## Your assignment
Print the records below exactly, leaving out nothing.

## Dataset records
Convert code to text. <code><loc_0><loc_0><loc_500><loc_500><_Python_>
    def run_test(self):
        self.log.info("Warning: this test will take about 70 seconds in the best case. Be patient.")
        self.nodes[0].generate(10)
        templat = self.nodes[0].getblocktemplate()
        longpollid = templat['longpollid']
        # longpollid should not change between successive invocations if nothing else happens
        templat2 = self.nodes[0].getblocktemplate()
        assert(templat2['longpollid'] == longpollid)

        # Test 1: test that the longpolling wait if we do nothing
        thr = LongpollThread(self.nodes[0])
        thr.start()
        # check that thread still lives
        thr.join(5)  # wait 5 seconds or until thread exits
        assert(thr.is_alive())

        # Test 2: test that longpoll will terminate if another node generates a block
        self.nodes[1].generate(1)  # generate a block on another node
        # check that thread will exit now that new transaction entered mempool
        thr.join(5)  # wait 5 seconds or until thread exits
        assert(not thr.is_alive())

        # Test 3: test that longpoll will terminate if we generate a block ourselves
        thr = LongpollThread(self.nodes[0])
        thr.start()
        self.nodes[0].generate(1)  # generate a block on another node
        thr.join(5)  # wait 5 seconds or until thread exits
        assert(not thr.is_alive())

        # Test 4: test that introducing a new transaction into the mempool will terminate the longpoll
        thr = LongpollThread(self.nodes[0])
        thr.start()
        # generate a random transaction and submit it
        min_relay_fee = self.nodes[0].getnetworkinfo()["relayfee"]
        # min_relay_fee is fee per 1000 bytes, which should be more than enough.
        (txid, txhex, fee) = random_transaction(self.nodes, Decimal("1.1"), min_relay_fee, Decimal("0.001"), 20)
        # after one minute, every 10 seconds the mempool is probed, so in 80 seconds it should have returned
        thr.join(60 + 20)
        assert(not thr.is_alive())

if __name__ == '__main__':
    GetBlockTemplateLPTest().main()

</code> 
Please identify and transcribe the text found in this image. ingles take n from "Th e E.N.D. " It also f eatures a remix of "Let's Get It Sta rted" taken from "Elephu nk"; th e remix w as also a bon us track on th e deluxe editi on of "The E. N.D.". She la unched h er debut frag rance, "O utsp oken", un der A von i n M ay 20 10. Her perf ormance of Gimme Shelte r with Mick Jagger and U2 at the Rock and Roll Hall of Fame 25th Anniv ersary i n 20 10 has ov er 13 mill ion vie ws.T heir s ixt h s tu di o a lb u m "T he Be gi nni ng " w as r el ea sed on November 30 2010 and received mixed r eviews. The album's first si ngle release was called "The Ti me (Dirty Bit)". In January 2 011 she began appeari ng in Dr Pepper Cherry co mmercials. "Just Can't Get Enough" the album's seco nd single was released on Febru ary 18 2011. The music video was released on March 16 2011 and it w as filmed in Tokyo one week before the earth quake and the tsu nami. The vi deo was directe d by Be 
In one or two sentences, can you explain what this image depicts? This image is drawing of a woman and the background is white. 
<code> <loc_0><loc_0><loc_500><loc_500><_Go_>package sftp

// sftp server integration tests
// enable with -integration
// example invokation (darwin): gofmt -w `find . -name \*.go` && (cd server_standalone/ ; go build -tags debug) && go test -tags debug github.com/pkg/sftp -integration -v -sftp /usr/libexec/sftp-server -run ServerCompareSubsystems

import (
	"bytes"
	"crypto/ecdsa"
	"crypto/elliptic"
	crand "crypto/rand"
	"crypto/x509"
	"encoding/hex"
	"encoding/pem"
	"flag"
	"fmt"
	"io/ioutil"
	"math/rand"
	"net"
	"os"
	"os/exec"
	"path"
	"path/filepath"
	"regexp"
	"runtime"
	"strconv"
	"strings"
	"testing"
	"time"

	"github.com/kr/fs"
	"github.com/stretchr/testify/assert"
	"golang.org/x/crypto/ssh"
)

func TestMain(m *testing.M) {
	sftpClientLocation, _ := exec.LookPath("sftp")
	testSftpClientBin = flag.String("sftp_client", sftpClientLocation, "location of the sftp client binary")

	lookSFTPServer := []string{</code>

## Result of this task
Convert code to text. <code><loc_0><loc_0><loc_500><loc_500><_Python_>
    def run_test(self):
        self.log.info("Warning: this test will take about 70 seconds in the best case. Be patient.")
        self.nodes[0].generate(10)
        templat = self.nodes[0].getblocktemplate()
        longpollid = templat['longpollid']
        # longpollid should not change between successive invocations if nothing else happens
        templat2 = self.nodes[0].getblocktemplate()
        assert(templat2['longpollid'] == longpollid)

        # Test 1: test that the longpolling wait if we do nothing
        thr = LongpollThread(self.nodes[0])
        thr.start()
        # check that thread still lives
        thr.join(5)  # wait 5 seconds or until thread exits
        assert(thr.is_alive())

        # Test 2: test that longpoll will terminate if another node generates a block
        self.nodes[1].generate(1)  # generate a block on another node
        # check that thread will exit now that new transaction entered mempool
        thr.join(5)  # wait 5 seconds or until thread exits
        assert(not thr.is_alive())

        # Test 3: test that longpoll will terminate if we generate a block ourselves
        thr = LongpollThread(self.nodes[0])
        thr.start()
        self.nodes[0].generate(1)  # generate a block on another node
        thr.join(5)  # wait 5 seconds or until thread exits
        assert(not thr.is_alive())

        # Test 4: test that introducing a new transaction into the mempool will terminate the longpoll
        thr = LongpollThread(self.nodes[0])
        thr.start()
        # generate a random transaction and submit it
        min_relay_fee = self.nodes[0].getnetworkinfo()["relayfee"]
        # min_relay_fee is fee per 1000 bytes, which should be more than enough.
        (txid, txhex, fee) = random_transaction(self.nodes, Decimal("1.1"), min_relay_fee, Decimal("0.001"), 20)
        # after one minute, every 10 seconds the mempool is probed, so in 80 seconds it should have returned
        thr.join(60 + 20)
        assert(not thr.is_alive())

if __name__ == '__main__':
    GetBlockTemplateLPTest().main()

</code> 
Please identify and transcribe the text found in this image. ingles take n from "Th e E.N.D. " It also f eatures a remix of "Let's Get It Sta rted" taken from "Elephu nk"; th e remix w as also a bon us track on th e deluxe editi on of "The E. N.D.". She la unched h er debut frag rance, "O utsp oken", un der A von i n M ay 20 10. Her perf ormance of Gimme Shelte r with Mick Jagger and U2 at the Rock and Roll Hall of Fame 25th Anniv ersary i n 20 10 has ov er 13 mill ion vie ws.T heir s ixt h s tu di o a lb u m "T he Be gi nni ng " w as r el ea sed on November 30 2010 and received mixed r eviews. The album's first si ngle release was called "The Ti me (Dirty Bit)". In January 2 011 she began appeari ng in Dr Pepper Cherry co mmercials. "Just Can't Get Enough" the album's seco nd single was released on Febru ary 18 2011. The music video was released on March 16 2011 and it w as filmed in Tokyo one week before the earth quake and the tsu nami. The vi deo was directe d by Be 
In one or two sentences, can you explain what this image depicts? This image is drawing of a woman and the background is white. 
<code> <loc_0><loc_0><loc_500><loc_500><_Go_>package sftp

// sftp server integration tests
// enable with -integration
// example invokation (darwin): gofmt -w `find . -name \*.go` && (cd server_standalone/ ; go build -tags debug) && go test -tags debug github.com/pkg/sftp -integration -v -sftp /usr/libexec/sftp-server -run ServerCompareSubsystems

import (
	"bytes"
	"crypto/ecdsa"
	"crypto/elliptic"
	crand "crypto/rand"
	"crypto/x509"
	"encoding/hex"
	"encoding/pem"
	"flag"
	"fmt"
	"io/ioutil"
	"math/rand"
	"net"
	"os"
	"os/exec"
	"path"
	"path/filepath"
	"regexp"
	"runtime"
	"strconv"
	"strings"
	"testing"
	"time"

	"github.com/kr/fs"
	"github.com/stretchr/testify/assert"
	"golang.org/x/crypto/ssh"
)

func TestMain(m *testing.M) {
	sftpClientLocation, _ := exec.LookPath("sftp")
	testSftpClientBin = flag.String("sftp_client", sftpClientLocation, "location of the sftp client binary")

	lookSFTPServer := []string{</code>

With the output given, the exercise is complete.